Digging in the dirt; priests named in secret police files

FEW ORGANIZATIONS were immune to Communist infiltration, in which the overarching ideology of the day drove agents to modify each functioning cell of society.

FEW ORGANIZATIONS were immune to Communist infiltration, in which the overarching ideology of the day drove agents to modify each functioning cell of society.

Different sources suggest that before World War II broke out, thousands of Communist agents in the Soviet Union had been ordained as Catholic priests or were studying to enter the priesthood. The goal, more or less, was to form an efficient network of "anti-priests" that would infiltrate the Church and exert influence whenever possible.

In Slovakia, priests are historically perceived as having been frequent targets of Communist secret police suspicion. Slovaks are not surprised to learn that agents often pressed them to find out how fervently they believed in God and how resistant they were to the "grey religion", or Communism.

The names of Roman Catholic Archbishop Ján Sokol and General Bishop of the Evangelical Church of the Augsburg Confession (ECAV) Július Filo appeared in the recently released Bratislava files of the Communist secret police (ŠtB).

Greek Catholic Bishop Ján Hirka is also listed. However, his name was inserted into the files a week after the Velvet Revolution on November 24, 1989.

Hirka's collaboration with the red regime is certainly improbable, since he was previously recorded as an enemy of the state.

Though the above-named church officials promptly rejected having had any cooperation with the ŠtB, the files open up questions of fealty. Just how deeply did the Communist secret police penetrate the Church? How resistant were the priests?

After the names of several Catholic priests appeared in the published ŠtB files, the Conference of Slovak Bishops (KBS) issued an apology to all on behalf of those of its clergy who might have caused harm.

The KBS neither denies that some priests did, in fact, cooperate with the ŠtB nor cares to justify these individual's deeds. However, the KBS said that many "guilty" priests might have been recorded without their knowledge and thus did not consciously cooperate with the secret police.

Certainly, a question on our minds should be why didn't the KBS issue its apology earlier? Why did it wait until after the National Memory Institute disclosed the files?

The National Memory Institute has awakened many demons of the past by publishing the ŠtB files, which divulge the names of former agents as well those designated by the ŠtB as potential sources of information. Many say the publication of the files came far too late and will serve only to traumatize society instead of help it heal.

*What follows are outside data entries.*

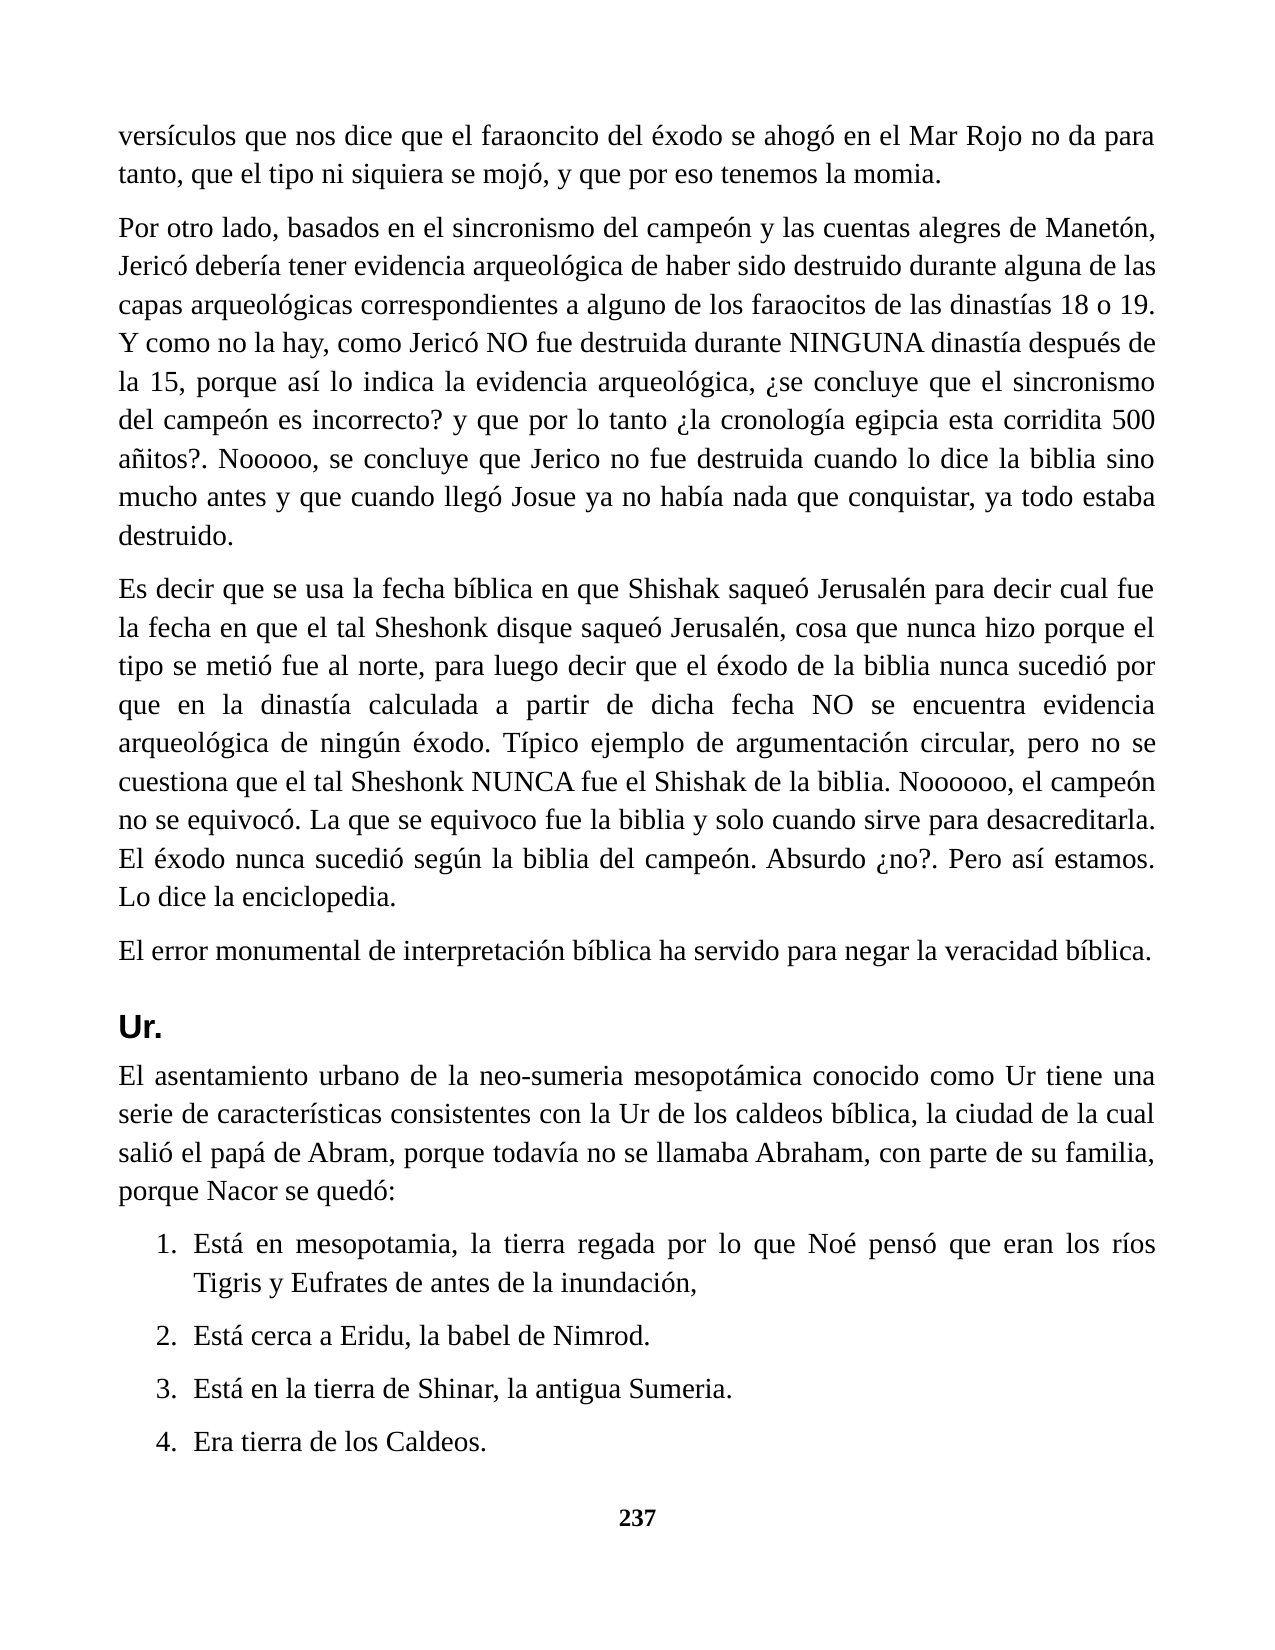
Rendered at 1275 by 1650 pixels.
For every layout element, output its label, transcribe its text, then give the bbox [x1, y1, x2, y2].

text Por otro lado, basados en el sincronismo del campeón y las cuentas alegres de Manetón, Jericó debería tener evidencia arqueológica de haber sido destruido durante alguna de las capas arqueológicas correspondientes a alguno de los faraocitos de las dinastías 18 o 19. Y como no la hay, como Jericó NO fue destruida durante NINGUNA dinastía después de la 15, porque así lo indica la evidencia arqueológica, ¿se concluye que el sincronismo del campeón es incorrecto? y que por lo tanto ¿la cronología egipcia esta corridita 500 añitos?. Nooooo, se concluye que Jerico no fue destruida cuando lo dice la biblia sino mucho antes y que cuando llegó Josue ya no había nada que conquistar, ya todo estaba destruido. [118, 210, 1157, 552]
list Era tierra de los Caldeos. [156, 1424, 1157, 1458]
list Está en mesopotamia, la tierra regada por lo que Noé pensó que eran los ríos Tigris y Eufrates de antes de la inundación, [156, 1227, 1157, 1299]
text El asentamiento urbano de la neo-sumeria mesopotámica conocido como Ur tiene una serie de características consistentes con la Ur de los caldeos bíblica, la ciudad de la cual salió el papá de Abram, porque todavía no se llamaba Abraham, con parte de su familia, porque Nacor se quedó: [118, 1058, 1157, 1207]
text versículos que nos dice que el faraoncito del éxodo se ahogó en el Mar Rojo no da para tanto, que el tipo ni siquiera se mojó, y que por eso tenemos la momia. [118, 118, 1157, 190]
list Está cerca a Eridu, la babel de Nimrod. [156, 1318, 1157, 1352]
text El error monumental de interpretación bíblica ha servido para negar la veracidad bíblica. [118, 933, 1157, 966]
list Está en la tierra de Shinar, la antigua Sumeria. [156, 1371, 1157, 1405]
subtitle Ur. [118, 1007, 1157, 1045]
text Es decir que se usa la fecha bíblica en que Shishak saqueó Jerusalén para decir cual fue la fecha en que el tal Sheshonk disque saqueó Jerusalén, cosa que nunca hizo porque el tipo se metió fue al norte, para luego decir que el éxodo de la biblia nunca sucedió por que en la dinastía calculada a partir de dicha fecha NO se encuentra evidencia arqueológica de ningún éxodo. Típico ejemplo de argumentación circular, pero no se cuestiona que el tal Sheshonk NUNCA fue el Shishak de la biblia. Noooooo, el campeón no se equivocó. La que se equivoco fue la biblia y solo cuando sirve para desacreditarla. El éxodo nunca sucedió según la biblia del campeón. Absurdo ¿no?. Pero así estamos. Lo dice la enciclopedia. [118, 571, 1157, 913]

The Ecumenical Council of Churches, a group representing seven churches, called on the National Memory Institute to reveal the secret police files only to those citizens directly concerned.

Opponents continue to attack several aspects of the National Memory Institute's operation.

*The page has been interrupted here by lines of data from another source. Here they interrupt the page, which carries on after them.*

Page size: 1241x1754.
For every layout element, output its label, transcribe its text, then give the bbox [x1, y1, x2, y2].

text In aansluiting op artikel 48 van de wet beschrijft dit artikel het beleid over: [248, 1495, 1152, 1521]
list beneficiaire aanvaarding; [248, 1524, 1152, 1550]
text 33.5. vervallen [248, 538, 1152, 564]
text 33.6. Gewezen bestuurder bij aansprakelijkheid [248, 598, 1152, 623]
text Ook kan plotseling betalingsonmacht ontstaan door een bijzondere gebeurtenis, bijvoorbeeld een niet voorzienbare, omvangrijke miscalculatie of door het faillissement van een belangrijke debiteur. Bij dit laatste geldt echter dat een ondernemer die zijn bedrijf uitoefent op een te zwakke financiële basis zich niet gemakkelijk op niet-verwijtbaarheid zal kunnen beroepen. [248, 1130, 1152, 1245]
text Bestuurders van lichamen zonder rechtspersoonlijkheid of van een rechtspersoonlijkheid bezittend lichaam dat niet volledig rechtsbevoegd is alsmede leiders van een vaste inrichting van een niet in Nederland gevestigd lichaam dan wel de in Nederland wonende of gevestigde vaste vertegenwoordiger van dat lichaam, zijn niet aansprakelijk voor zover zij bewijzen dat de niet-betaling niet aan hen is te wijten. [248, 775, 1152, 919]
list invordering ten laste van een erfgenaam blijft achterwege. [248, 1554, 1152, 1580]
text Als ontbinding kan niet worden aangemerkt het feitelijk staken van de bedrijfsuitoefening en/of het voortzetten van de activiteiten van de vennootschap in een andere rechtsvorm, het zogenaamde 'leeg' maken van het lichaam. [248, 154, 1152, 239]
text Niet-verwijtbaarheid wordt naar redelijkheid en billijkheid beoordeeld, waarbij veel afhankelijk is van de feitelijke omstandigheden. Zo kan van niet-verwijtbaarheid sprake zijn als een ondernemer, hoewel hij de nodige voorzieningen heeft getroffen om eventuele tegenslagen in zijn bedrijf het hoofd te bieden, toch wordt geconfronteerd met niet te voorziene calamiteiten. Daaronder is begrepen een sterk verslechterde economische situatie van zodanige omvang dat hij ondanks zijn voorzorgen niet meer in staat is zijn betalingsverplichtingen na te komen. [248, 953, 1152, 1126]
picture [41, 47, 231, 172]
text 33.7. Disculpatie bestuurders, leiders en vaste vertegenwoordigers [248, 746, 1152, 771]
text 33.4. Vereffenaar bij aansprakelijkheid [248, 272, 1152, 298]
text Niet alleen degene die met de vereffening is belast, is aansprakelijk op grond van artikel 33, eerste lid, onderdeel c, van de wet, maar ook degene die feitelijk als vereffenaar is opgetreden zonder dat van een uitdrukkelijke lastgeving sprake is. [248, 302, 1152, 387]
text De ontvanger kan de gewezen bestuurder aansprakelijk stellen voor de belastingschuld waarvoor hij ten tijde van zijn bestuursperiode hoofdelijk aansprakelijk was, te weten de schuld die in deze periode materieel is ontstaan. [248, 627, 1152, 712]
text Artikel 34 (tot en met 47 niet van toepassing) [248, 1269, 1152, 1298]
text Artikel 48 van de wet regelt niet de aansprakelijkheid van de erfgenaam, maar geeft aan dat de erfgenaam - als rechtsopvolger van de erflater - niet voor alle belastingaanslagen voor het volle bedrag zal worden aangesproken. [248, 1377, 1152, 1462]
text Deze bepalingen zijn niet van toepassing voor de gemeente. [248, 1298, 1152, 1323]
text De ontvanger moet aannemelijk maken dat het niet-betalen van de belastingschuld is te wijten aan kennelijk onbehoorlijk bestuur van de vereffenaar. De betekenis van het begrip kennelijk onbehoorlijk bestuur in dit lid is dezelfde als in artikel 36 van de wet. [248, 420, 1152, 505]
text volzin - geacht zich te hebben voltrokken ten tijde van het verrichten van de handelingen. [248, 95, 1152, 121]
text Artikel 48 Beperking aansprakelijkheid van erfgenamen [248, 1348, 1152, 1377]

Ombudsman Pavel Kandráč received a complaint from a citizen claiming that his rights for the protection of personal data were violated because the files revealed his birth date in addition to his name. The ombudsman office accepted the complaint and is dealing with it.

According to Gyula Veszelei, the head of the Office for Personal Data Protection, the law is specific and gives powers to the National Memory Institute to determine the measure of personal data they would reveal in the ŠtB files.

A debate on the trustworthiness and authenticity of files also held sway. The National Memory Institute's chief, Ján Langoš, maintains the evidence in the files is credible, specifically in the case of those recorded as agents.

"Those who are recorded as agents must have given their approval to an ŠtB official. We exclude frauds or any manipulation of the evidence," Langoš said.

Lawyer Ján Čarnogurský, who himself was persecuted by the Communist regime, filed a complaint with the National Memory Institute on behalf of his client, a Catholic priest, whose name appears in the files as an ŠtB collaborator. Čarnogurský says his client never signed a document on cooperation with the secret police, although he did sign a document on secrecy.

The lawyer is confident the priest will win restitution in court, and he encourages others to sue if necessary.

On March 23, the cabinet appointee for expatriate Slovaks, Claude Baláž, tendered his resignation. His name appeared in the ŠtB files covering Bratislava.

Shortly thereafter the cabinet approved the appointment of another alleged former ŠtB agent, Dušan Podhorský, as Slovak ambassador to Kazakhstan.

The political parties' approach to former ŠtB collaborators differs. Some want to clean their ranks while others say let's not rake up the past.

One question persists: should former ŠtB collaborators hold political office in new EU member Slovakia?